Each line in the data holding "contexts" should be listed.
┌────────
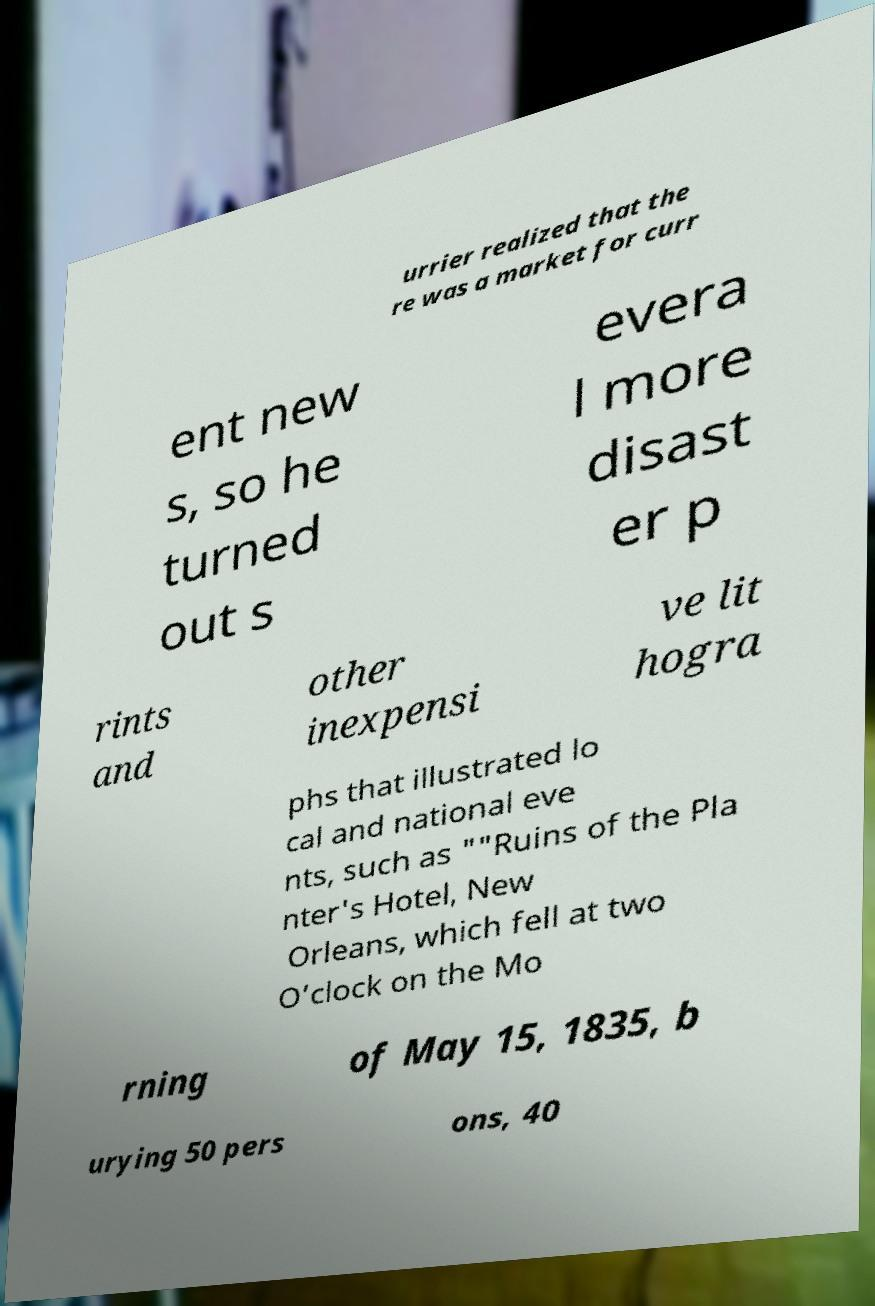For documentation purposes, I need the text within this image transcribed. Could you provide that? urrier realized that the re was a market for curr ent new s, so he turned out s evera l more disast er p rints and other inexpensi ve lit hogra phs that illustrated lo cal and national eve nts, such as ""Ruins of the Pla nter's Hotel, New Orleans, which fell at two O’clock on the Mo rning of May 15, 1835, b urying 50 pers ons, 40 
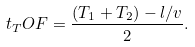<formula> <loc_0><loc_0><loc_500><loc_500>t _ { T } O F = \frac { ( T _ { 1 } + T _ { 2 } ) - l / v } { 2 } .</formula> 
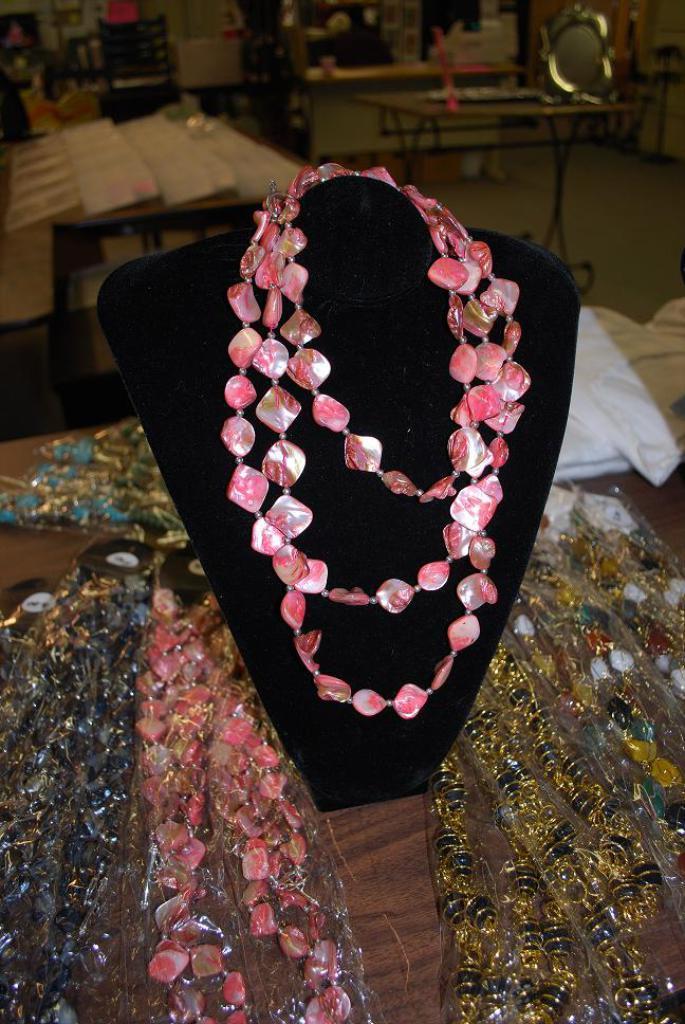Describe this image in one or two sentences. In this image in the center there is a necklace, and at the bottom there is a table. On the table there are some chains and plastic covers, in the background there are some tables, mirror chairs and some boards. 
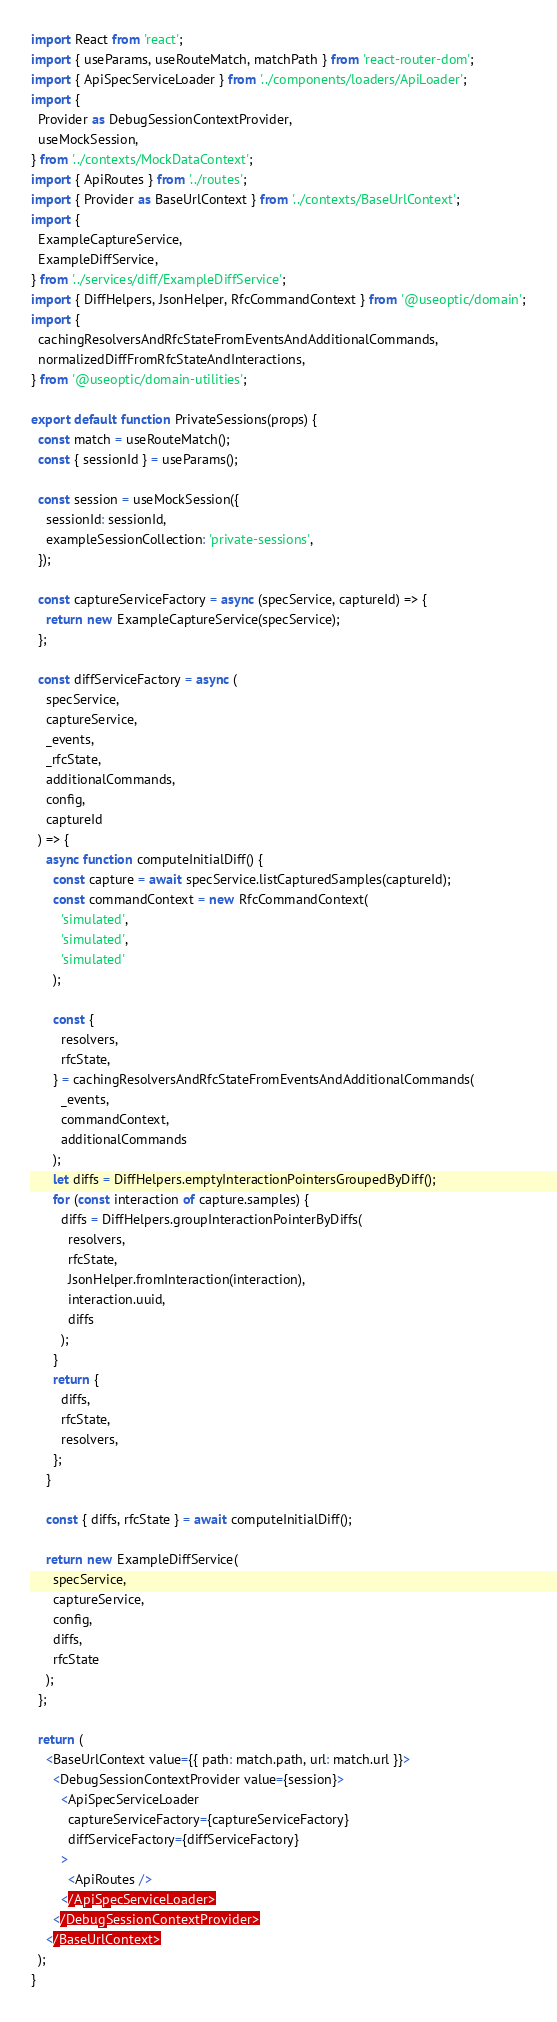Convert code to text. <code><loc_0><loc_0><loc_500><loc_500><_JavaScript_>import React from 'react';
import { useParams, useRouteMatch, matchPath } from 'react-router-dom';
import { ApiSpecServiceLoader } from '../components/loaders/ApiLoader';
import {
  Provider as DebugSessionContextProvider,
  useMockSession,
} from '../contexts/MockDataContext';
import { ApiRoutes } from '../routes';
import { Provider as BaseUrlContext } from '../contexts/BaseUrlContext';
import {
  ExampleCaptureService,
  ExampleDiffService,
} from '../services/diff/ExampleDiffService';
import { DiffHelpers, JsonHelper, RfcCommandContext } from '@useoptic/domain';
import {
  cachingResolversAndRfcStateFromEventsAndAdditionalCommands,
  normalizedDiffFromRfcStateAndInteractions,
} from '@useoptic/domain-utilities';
└────────
# Expected answer
} from '../contexts/MockDataContext';
import { Provider as BaseUrlContext } from '../contexts/BaseUrlContext';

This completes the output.